Abstract
Beta-lactamases represent the main bacterial mechanism of resistance to beta-lactam antibiotics and are a significant challenge to modern medicine. We have developed an automated classification and analysis protocol that exploits structure- and sequence-based approaches and which allows us to propose a grouping of serine beta-lactamases that more consistently captures and rationalizes the existing three classification schemes: Classes, (A, C and D, which vary in their implementation of the mechanism of action); Types (that largely reflect evolutionary distance measured by sequence similarity); and Variant groups (which largely correspond with the Bush-Jacoby clinical groups).
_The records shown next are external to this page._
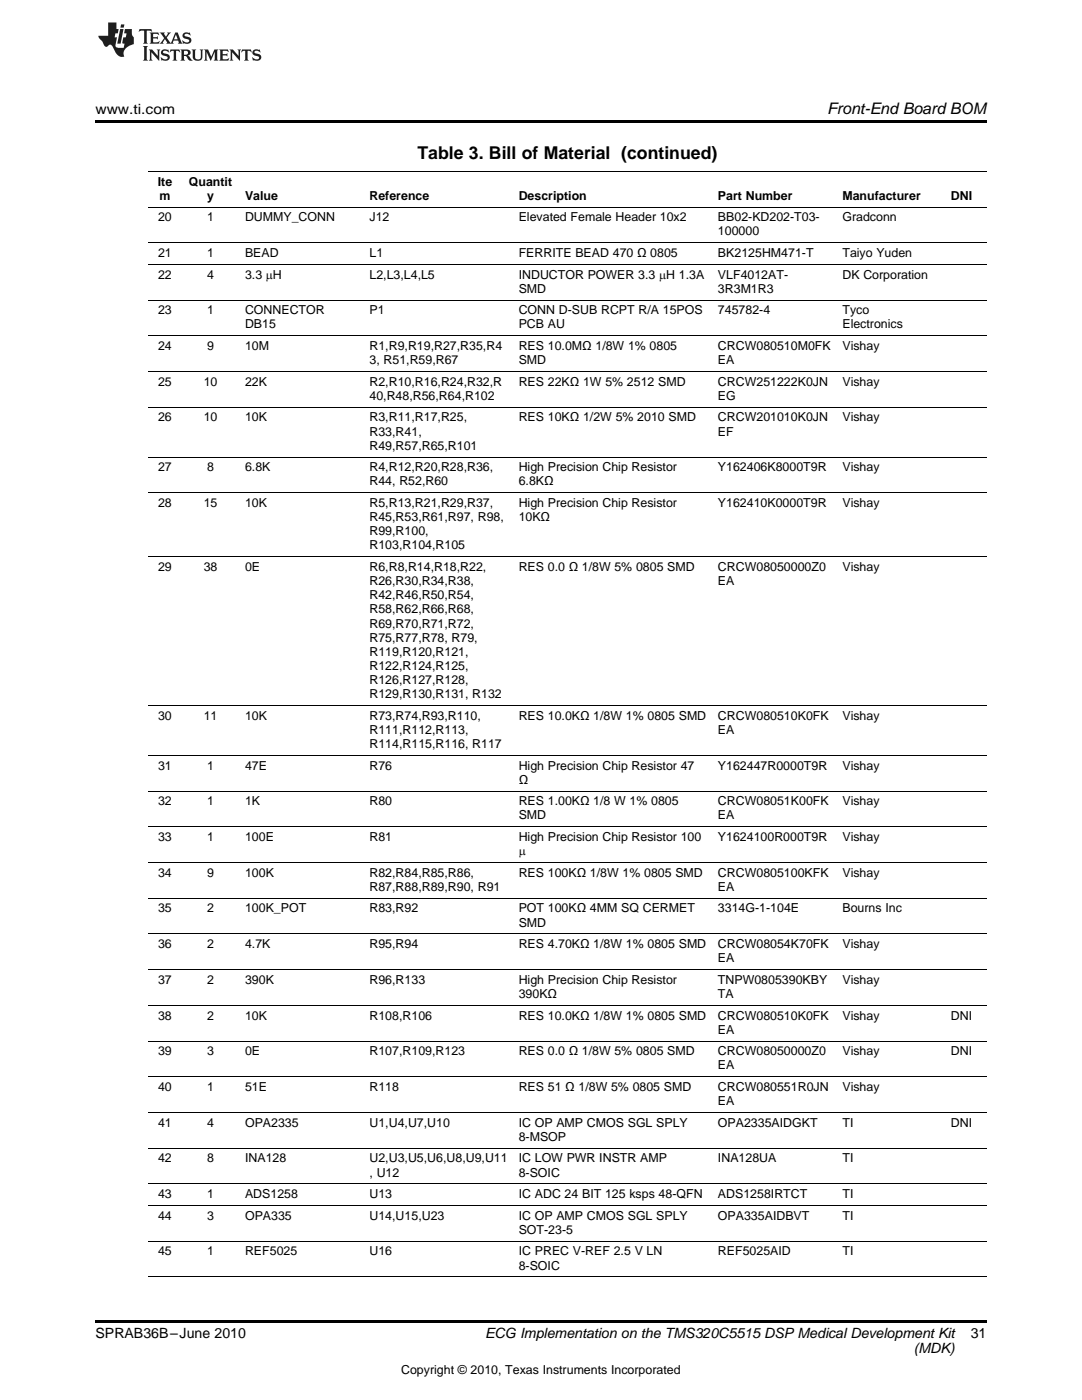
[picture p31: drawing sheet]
<svg xmlns="http://www.w3.org/2000/svg" width="216mm" height="279mm" viewBox="0 0 216 279" stroke-linecap="round" stroke-linejoin="round" font-family="sans-serif">
<defs><g id="words">
<text font-size="3.5" x="83.3" y="31.8">Table 3. Bill of Material (continued)</text>
<text font-size="3.2" x="165.1" y="22.7">Front-End Board BOM</text>
<g font-size="2.8">
<text x="19" y="22.7">www.ti.com</text>
<text x="19" y="267.1">SPRAB36B–June 2010</text>
<text x="96.8" y="267.1">ECG Implementation on the TMS320C5515 DSP Medical Development Kit</text>
<text x="182.3" y="269.9">(MDK)</text>
<text x="193.7" y="267">31</text>
</g>
<g font-size="2.5">
<text x="31.5" y="37">Ite</text>
<text x="31.8" y="39.9">m</text>
<text x="37.7" y="37">Quantit</text>
<text x="41.3" y="39.9">y</text>
<text x="48.9" y="39.9">Value</text>
<text x="73.7" y="39.9">Reference</text>
<text x="103.5" y="39.9">Description</text>
<text x="143.3" y="39.9">Part Number</text>
<text x="168.1" y="39.9">Manufacturer</text>
<text x="189.7" y="39.9">DNI</text>
<text x="31.5" y="44.2">20</text>
<text x="41.3" y="44.2">1</text>
<text x="48.9" y="44.2">DUMMY_CONN</text>
<text x="73.7" y="44.2">J12</text>
<text x="103.5" y="44.2">Elevated Female Header 10x2</text>
<text x="143.3" y="44.2">BB02-KD202-T03-</text>
<text x="143.3" y="47">100000</text>
<text x="168.1" y="44.2">Gradconn</text>
<text x="31.5" y="51.3">21</text>
<text x="41.3" y="51.3">1</text>
<text x="48.9" y="51.3">BEAD</text>
<text x="73.7" y="51.3">L1</text>
<text x="103.5" y="51.3">FERRITE BEAD 470 Ω 0805</text>
<text x="143.3" y="51.3">BK2125HM471-T</text>
<text x="168.1" y="51.3">Taiyo Yuden</text>
<text x="31.5" y="55.6">22</text>
<text x="41.3" y="55.6">4</text>
<text x="48.9" y="55.6">3.3 mH</text>
<text x="73.7" y="55.6">L2,L3,L4,L5</text>
<text x="103.5" y="55.6">INDUCTOR POWER 3.3 mH 1.3A</text>
<text x="103.5" y="58.4">SMD</text>
<text x="143.3" y="55.6">VLF4012AT-</text>
<text x="143.3" y="58.4">3R3M1R3</text>
<text x="168.1" y="55.6">DK Corporation</text>
<text x="31.5" y="62.7">23</text>
<text x="41.3" y="62.7">1</text>
<text x="48.9" y="62.7">CONNECTOR</text>
<text x="48.9" y="65.5">DB15</text>
<text x="73.7" y="62.7">P1</text>
<text x="103.5" y="62.7">CONN D-SUB RCPT R/A 15POS</text>
<text x="103.5" y="65.5">PCB AU</text>
<text x="143.3" y="62.7">745782-4</text>
<text x="168.1" y="62.7">Tyco</text>
<text x="168.1" y="65.5">Electronics</text>
<text x="31.5" y="69.8">24</text>
<text x="41.3" y="69.8">9</text>
<text x="48.9" y="69.8">10M</text>
<text x="73.7" y="69.8">R1,R9,R19,R27,R35,R4</text>
<text x="103.5" y="69.8">RES 10.0MΩ 1/8W 1% 0805</text>
<text x="143.3" y="69.8">CRCW080510M0FK</text>
<text x="168.1" y="69.8">Vishay</text>
<text x="31.5" y="77">25</text>
<text x="40.6" y="77">10</text>
<text x="48.9" y="77">22K</text>
<text x="73.7" y="72.7">3, R51,R59,R67</text>
<text x="73.7" y="77">R2,R10,R16,R24,R32,R</text>
<text x="103.5" y="72.7">SMD</text>
<text x="103.5" y="77">RES 22KΩ 1W 5% 2512 SMD</text>
<text x="143.3" y="72.7">EA</text>
<text x="143.3" y="77">CRCW251222K0JN</text>
<text x="168.1" y="77">Vishay</text>
<text x="73.7" y="79.8">40,R48,R56,R64,R102</text>
<text x="143.3" y="79.8">EG</text>
<text x="31.5" y="84.1">26</text>
<text x="40.6" y="84.1">10</text>
<text x="48.9" y="84.1">10K</text>
<text x="73.7" y="84.1">R3,R11,R17,R25,</text>
<text x="73.7" y="86.9">R33,R41,</text>
<text x="73.7" y="89.7">R49,R57,R65,R101</text>
<text x="103.5" y="84.1">RES 10KΩ 1/2W 5% 2010 SMD</text>
<text x="143.3" y="84.1">CRCW201010K0JN</text>
<text x="143.3" y="86.9">EF</text>
<text x="168.1" y="84.1">Vishay</text>
<text x="31.5" y="94.1">27</text>
<text x="41.3" y="94.1">8</text>
<text x="48.9" y="94.1">6.8K</text>
<text x="73.7" y="94.1">R4,R12,R20,R28,R36,</text>
<text x="103.5" y="94.1">High Precision Chip Resistor</text>
<text x="143.3" y="94.1">Y162406K8000T9R</text>
<text x="168.1" y="94.1">Vishay</text>
<text x="31.5" y="101.2">28</text>
<text x="40.6" y="101.2">15</text>
<text x="48.9" y="101.2">10K</text>
<text x="73.7" y="96.9">R44, R52,R60</text>
<text x="73.7" y="101.2">R5,R13,R21,R29,R37,</text>
<text x="103.5" y="96.9">6.8KΩ</text>
<text x="103.5" y="101.2">High Precision Chip Resistor</text>
<text x="143.3" y="101.2">Y162410K0000T9R</text>
<text x="168.1" y="101.2">Vishay</text>
<text x="73.7" y="104">R45,R53,R61,R97, R98,</text>
<text x="73.7" y="106.8">R99,R100,</text>
<text x="103.5" y="104">10KΩ</text>
<text x="31.5" y="113.9">29</text>
<text x="40.6" y="113.9">38</text>
<text x="48.9" y="113.9">0E</text>
<text x="73.7" y="109.6">R103,R104,R105</text>
<text x="73.7" y="113.9">R6,R8,R14,R18,R22,</text>
<text x="103.5" y="113.9">RES 0.0 Ω 1/8W 5% 0805 SMD</text>
<text x="143.3" y="113.9">CRCW08050000Z0</text>
<text x="168.1" y="113.9">Vishay</text>
<text x="73.7" y="116.8">R26,R30,R34,R38,</text>
<text x="73.7" y="119.6">R42,R46,R50,R54,</text>
<text x="143.3" y="116.8">EA</text>
<text x="73.7" y="122.4">R58,R62,R66,R68,</text>
<text x="73.7" y="125.2">R69,R70,R71,R72,</text>
<text x="73.7" y="128.1">R75,R77,R78, R79,</text>
<text x="73.7" y="130.9">R119,R120,R121,</text>
<text x="73.7" y="133.7">R122,R124,R125,</text>
<text x="73.7" y="136.5">R126,R127,R128,</text>
<text x="31.5" y="143.7">30</text>
<text x="40.6" y="143.7">11</text>
<text x="48.9" y="143.7">10K</text>
<text x="73.7" y="139.3">R129,R130,R131, R132</text>
<text x="73.7" y="143.7">R73,R74,R93,R110,</text>
<text x="103.5" y="143.7">RES 10.0KΩ 1/8W 1% 0805 SMD</text>
<text x="143.3" y="143.7">CRCW080510K0FK</text>
<text x="168.1" y="143.7">Vishay</text>
<text x="73.7" y="146.5">R111,R112,R113,</text>
<text x="73.7" y="149.3">R114,R115,R116, R117</text>
<text x="143.3" y="146.5">EA</text>
<text x="31.5" y="153.6">31</text>
<text x="41.3" y="153.6">1</text>
<text x="48.9" y="153.6">47E</text>
<text x="73.7" y="153.6">R76</text>
<text x="103.5" y="153.6">High Precision Chip Resistor 47</text>
<text x="143.3" y="153.6">Y162447R0000T9R</text>
<text x="168.1" y="153.6">Vishay</text>
<text x="31.5" y="160.7">32</text>
<text x="41.3" y="160.7">1</text>
<text x="48.9" y="160.7">1K</text>
<text x="73.7" y="160.7">R80</text>
<text x="103.5" y="156.4">Ω</text>
<text x="103.5" y="160.7">RES 1.00KΩ 1/8 W 1% 0805</text>
<text x="143.3" y="160.7">CRCW08051K00FK</text>
<text x="168.1" y="160.7">Vishay</text>
<text x="31.5" y="167.9">33</text>
<text x="41.3" y="167.9">1</text>
<text x="48.9" y="167.9">100E</text>
<text x="73.7" y="167.9">R81</text>
<text x="103.5" y="163.5">SMD</text>
<text x="103.5" y="167.9">High Precision Chip Resistor 100</text>
<text x="143.3" y="163.5">EA</text>
<text x="143.3" y="167.9">Y1624100R000T9R</text>
<text x="168.1" y="167.9">Vishay</text>
<text x="103.5" y="170.7">m</text>
<text x="31.5" y="175">34</text>
<text x="41.3" y="175">9</text>
<text x="48.9" y="175">100K</text>
<text x="73.7" y="175">R82,R84,R85,R86,</text>
<text x="73.7" y="177.8">R87,R88,R89,R90, R91</text>
<text x="103.5" y="175">RES 100KΩ 1/8W 1% 0805 SMD</text>
<text x="143.3" y="175">CRCW0805100KFK</text>
<text x="143.3" y="177.8">EA</text>
<text x="168.1" y="175">Vishay</text>
<text x="31.5" y="182.1">35</text>
<text x="41.3" y="182.1">2</text>
<text x="48.9" y="182.1">100K_POT</text>
<text x="73.7" y="182.1">R83,R92</text>
<text x="103.5" y="182.1">POT 100KΩ 4MM SQ CERMET</text>
<text x="103.5" y="184.9">SMD</text>
<text x="143.3" y="182.1">3314G-1-104E</text>
<text x="168.1" y="182.1">Bourns Inc</text>
<text x="31.5" y="189.2">36</text>
<text x="41.3" y="189.2">2</text>
<text x="48.9" y="189.2">4.7K</text>
<text x="73.7" y="189.2">R95,R94</text>
<text x="103.5" y="189.2">RES 4.70KΩ 1/8W 1% 0805 SMD</text>
<text x="143.3" y="189.2">CRCW08054K70FK</text>
<text x="168.1" y="189.2">Vishay</text>
<text x="31.5" y="196.4">37</text>
<text x="41.3" y="196.4">2</text>
<text x="48.9" y="196.4">390K</text>
<text x="73.7" y="196.4">R96,R133</text>
<text x="103.5" y="196.4">High Precision Chip Resistor</text>
<text x="143.3" y="192.1">EA</text>
<text x="143.3" y="196.4">TNPW0805390KBY</text>
<text x="168.1" y="196.4">Vishay</text>
<text x="31.5" y="203.5">38</text>
<text x="41.3" y="203.5">2</text>
<text x="48.9" y="203.5">10K</text>
<text x="73.7" y="203.5">R108,R106</text>
<text x="103.5" y="199.2">390KΩ</text>
<text x="103.5" y="203.5">RES 10.0KΩ 1/8W 1% 0805 SMD</text>
<text x="143.3" y="199.2">TA</text>
<text x="143.3" y="203.5">CRCW080510K0FK</text>
<text x="168.1" y="203.5">Vishay</text>
<text x="189.7" y="203.5">DNI</text>
<text x="143.3" y="206.3">EA</text>
<text x="31.5" y="210.6">39</text>
<text x="41.3" y="210.6">3</text>
<text x="48.9" y="210.6">0E</text>
<text x="73.7" y="210.6">R107,R109,R123</text>
<text x="103.5" y="210.6">RES 0.0 Ω 1/8W 5% 0805 SMD</text>
<text x="143.3" y="210.6">CRCW08050000Z0</text>
<text x="143.3" y="213.4">EA</text>
<text x="168.1" y="210.6">Vishay</text>
<text x="189.7" y="210.6">DNI</text>
<text x="31.5" y="217.7">40</text>
<text x="41.3" y="217.7">1</text>
<text x="48.9" y="217.7">51E</text>
<text x="73.7" y="217.7">R118</text>
<text x="103.5" y="217.7">RES 51 Ω 1/8W 5% 0805 SMD</text>
<text x="143.3" y="217.7">CRCW080551R0JN</text>
<text x="143.3" y="220.6">EA</text>
<text x="168.1" y="217.7">Vishay</text>
<text x="31.5" y="224.9">41</text>
<text x="41.3" y="224.9">4</text>
<text x="48.9" y="224.9">OPA2335</text>
<text x="73.7" y="224.9">U1,U4,U7,U10</text>
<text x="103.5" y="224.9">IC OP AMP CMOS SGL SPLY</text>
<text x="103.5" y="227.7">8-MSOP</text>
<text x="143.3" y="224.9">OPA2335AIDGKT</text>
<text x="168.1" y="224.9">TI</text>
<text x="189.7" y="224.9">DNI</text>
<text x="31.5" y="232">42</text>
<text x="41.3" y="232">8</text>
<text x="48.9" y="232">INA128</text>
<text x="73.7" y="232">U2,U3,U5,U6,U8,U9,U11</text>
<text x="103.5" y="232">IC LOW PWR INSTR AMP</text>
<text x="143.3" y="232">INA128UA</text>
<text x="168.1" y="232">TI</text>
<text x="31.5" y="239.1">43</text>
<text x="41.3" y="239.1">1</text>
<text x="48.9" y="239.1">ADS1258</text>
<text x="73.7" y="234.8">, U12</text>
<text x="73.7" y="239.1">U13</text>
<text x="103.5" y="234.8">8-SOIC</text>
<text x="103.5" y="239.1">IC ADC 24 BIT 125 ksps 48-QFN</text>
<text x="143.3" y="239.1">ADS1258IRTCT</text>
<text x="168.1" y="239.1">TI</text>
<text x="31.5" y="243.4">44</text>
<text x="41.3" y="243.4">3</text>
<text x="48.9" y="243.4">OPA335</text>
<text x="73.7" y="243.4">U14,U15,U23</text>
<text x="103.5" y="243.4">IC OP AMP CMOS SGL SPLY</text>
<text x="143.3" y="243.4">OPA335AIDBVT</text>
<text x="168.1" y="243.4">TI</text>
<text x="31.5" y="250.5">45</text>
<text x="41.3" y="250.5">1</text>
<text x="48.9" y="250.5">REF5025</text>
<text x="73.7" y="250.5">U16</text>
<text x="103.5" y="246.2">SOT-23-5</text>
<text x="103.5" y="250.5">IC PREC V-REF 2.5 V LN</text>
<text x="143.3" y="250.5">REF5025AID</text>
<text x="168.1" y="250.5">TI</text>
<text x="103.5" y="253.4">8-SOIC</text>
<text x="80" y="274.2">Copyright © 2010, Texas Instruments Incorporated</text>
</g>
</g></defs>
<g fill="#231f20">
<path d="M27.8 5.8l-.1 .6 .5-.3h.5l.1 .2v2.1l-.3 .3h1l-.2-.3v-2.1v-.2h.6l.4 .3-.1-.6zM29.9 6.5l.2 .4v1.5l-.2 .3h1.8l.1-.5a1.04 1.04 0 0 1-1.2 .1v-.6h.5l.4 .2v-.7l-.4 .2h-.5v-.6h.8l.3 .2-.1-.5zM31.9 6.5l.9 1.1-1 1.1h.9l-.2-.2 .4-.7 .5 .7-.2 .2h1.5l-.2-.2 .1-.4h.9l.2 .4-.2 .2h.9l-.2-.3-.7-1.9h-.5l-.9 2.1-.8-1.1 .8-1h-.8l.2 .3-.4 .5-.4-.6 .2-.2zM35.1 6.9l.4 .9h-.8zM36.6 6.6a.63 .63 0 0 0-.2 .7 .63 .63 0 0 0 .6 .4l.6 .2 .2 .2a.75 .75 0 0 1-.8 .4 .75 .75 0 0 1-.6-.5l.1 .7 .2-.1a1.11 1.11 0 0 0 1.5-.5 1.13 1.13 0 0 0-1.3-.9v-.3a1.04 1.04 0 0 1 1.1 .2l-.1-.6-.2 .1-.5-.1zM28.5 9.2l.3 .3v2.2l-.3 .4h1l-.2-.4v-2.2l.2-.3zM29.7 9.9l.2 .3v1.5l-.2 .4h.7l-.2-.4v-1.3l1.6 1.7v-1.9l.2-.3h-.7l.2 .3v.9l-1.1-1.2zM32.3 10a.62 .62 0 0 0-.2 .7 .62 .62 0 0 0 .6 .4l.6 .2 .2 .2a.76 .76 0 0 1-.8 .4 .76 .76 0 0 1-.6-.5l.1 .7 .2-.1a1.11 1.11 0 0 0 1.5-.6 1.13 1.13 0 0 0-1.3-.8v-.3a1.04 1.04 0 0 1 1.1 .1l-.1-.5-.2 .1-.5-.2zM34 9.9l-.1 .6a.61 .61 0 0 1 .7-.3l.1 1.5-.3 .4h1l-.3-.4 .1-1.5a.63 .63 0 0 1 .7 .3l-.1-.6zM36 9.9l.2 .3v1.5l-.2 .4h.9l-.2-.2v-.7l.6 .2a.76 .76 0 0 0 1.1 .6l-1-.9a.58 .58 0 0 0 .6-.6 .58 .58 0 0 0-.5-.6zM36.7 10.2l.1-.1a.45 .45 0 0 1 .6 .1 .45 .45 0 0 1 .1 .5l-.8 .2zM38.2 9.9l.2 .2a2.17 2.17 0 0 0 .4 1.9 .99 .99 0 0 0 1.6-.7v-1.1l.2-.3h-.7l.1 .2a1.92 1.92 0 0 1-.1 1.7 .6 .6 0 0 1-1-.5v-1.1l.2-.3zM40.7 9.9l.2 .3v1.5l-.2 .4h.7l-.2-.4v-1.4l.8 1.8 .9-1.8v1.4l-.2 .4h.9l-.3-.4v-1.5l.3-.3h-.8l-.6 1.4-.7-1.4zM43.7 9.9l.3 .3v1.5l-.3 .4h1.9l.1-.6a1.04 1.04 0 0 1-1.3 .2v-.6h.6l.4 .1v-.6l-.4 .2h-.6l.1-.6h.7l.4 .2-.1-.5zM45.8 9.9l.2 .3v1.5l-.2 .4h.8l-.3-.4v-1.3l1.6 1.7v-1.9l.2-.3h-.7l.2 .3v.9l-1.1-1.2zM48.3 9.9l-.1 .6a.61 .61 0 0 1 .7-.3v1.5l-.2 .4h.9l-.2-.4v-1.5a.63 .63 0 0 1 .8 .3l-.1-.6zM50.6 10a.62 .62 0 0 0-.2 .7 .62 .62 0 0 0 .6 .4l.6 .2 .1 .2a.76 .76 0 0 1-.7 .4 .76 .76 0 0 1-.6-.5l.1 .7 .1-.1a1.11 1.11 0 0 0 1.5-.6 1.13 1.13 0 0 0-1.2-.8l-.1-.3a1.04 1.04 0 0 1 1.2 .1l-.2-.5-.1 .1-.5-.2z"/>
<path d="M21.6 4.5v2.6h-2l.1 .4 .8 .9a.91 .91 0 0 0 .9 .9 .56 .56 0 0 1 .5-.4 .56 .56 0 0 1 .5 .3l.4 .8a1.53 1.53 0 0 0 2 1.3 1.54 1.54 0 0 1 1-2.1l.9-.4-.1-1.4a1.52 1.52 0 0 1-.3-1.6h-1.4l-.1 .9h.5l-.2 .8h-.5l-.2 .9v.2l.4 .1-.1 .9a1.93 1.93 0 0 1-1.6-.3l.2-1.8h-.4l.1-.8h.5l.2-.9h-.5v-1.3zM24 5.8l-.6 2.9h.7l.5-2.9zM24.2 4.9l-.2 .6h.7l.1-.6z"/>
</g>
<path d="M19 24h177.8v.6h-177.8zM19 263.5h177.8v.6h-177.8z" fill="#000"/>
<g fill="none" stroke="#000" stroke-width=".2">
<path d="M29.6 34.2h167.2M29.6 59.9h167.2M29.6 52.8h167.2M29.6 48.5h167.2M29.6 41.3h167.2M29.6 74.1h167.2M29.6 67h167.2M29.6 98.3h167.2M29.6 91.2h167.2M29.6 81.3h167.2M29.6 111.1h167.2M29.6 157.9h167.2"/>
<path d="M29.6 150.8h167.2M29.6 140.8h167.2M29.6 179.3h167.2M29.6 172.1h167.2M29.6 165h167.2M29.6 193.5h167.2M29.6 186.4h167.2M29.6 214.9h167.2M29.6 207.8h167.2M29.6 200.6h167.2M29.6 236.3h167.2M29.6 229.1h167.2"/>
<path d="M29.6 222h167.2M29.6 254.8h167.2M29.6 247.7h167.2M29.6 240.6h167.2"/>
</g>
<use href="#words"/>
</svg>

Our analysis platform exploits a suite of in-house and public tools to identify Functional Determinants (FDs), i.e. residue sites, responsible for conferring different phenotypes between different classes, different types and different variants. We focused on Class A beta-lactamases, the most highly populated and clinically relevant class, to identify FDs implicated in the distinct phenotypes associated with different Class A Types and Variants. We show that our FunFHMMer method can separate the known beta-lactamase classes and identify those positions likely to be responsible for the different implementations of the mechanism of action in these enzymes. Two novel algorithms, ASSP and SSPA, allow detection of FD sites likely to contribute to the broadening of the substrate profiles. Using our approaches, we recognise 151 Class A types in UniProt. Finally, we used our beta-lactamase FunFams and ASSP profiles to detect 4 novel Class A types in microbiome samples. Our platforms have been validated by literature studies, in silico analysis and some targeted experimental verification. Although developed for the serine beta-lactamases they could be used to classify and analyse any diverse protein superfamily where sub-families have diverged over both long and short evolutionary timescales.
Highlights
In this article we demonstrate the value of different clustering and analysis platforms for classifying an important superfamily of bacterial proteins, the beta-lactamases
We applied methods to pinpoint key sequence sites where changes result in new antibiotic resistance properties
The purpose of the classification was to aid the identification of functional determinants (FDs), i.e. residue sites influencing the functional properties of the relatives, where these properties relate to implementation of the catalytic mechanism or substrate profiles
Summary
In this article we demonstrate the value of different clustering and analysis platforms for classifying an important superfamily of bacterial proteins, the beta-lactamases. The purpose of the classification was to aid the identification of functional determinants (FDs), i.e. residue sites influencing the functional properties of the relatives, where these properties relate to implementation of the catalytic mechanism or substrate profiles. We aimed to show that identification of these sites could aid in the prediction of phenotype for newly determined relatives not yet experimentally characterised. Beta-lactamases represent the main bacterial mechanism of resistance to beta-lactam antibiotics and are a significant challenge to modern medicine. Beta-lactamases catalyse the hydrolysis of the bond between the nitrogen atom and the carbonyl group of the beta-lactam ring, breaking the ring open and inactivating the antibiotic. There is a large pool of naturally occurring beta-lactamases in environments such as the human gut that are selected for, mutated and transmitted horizontally into pathogenic bacteria following the introduction of new antibiotics [1]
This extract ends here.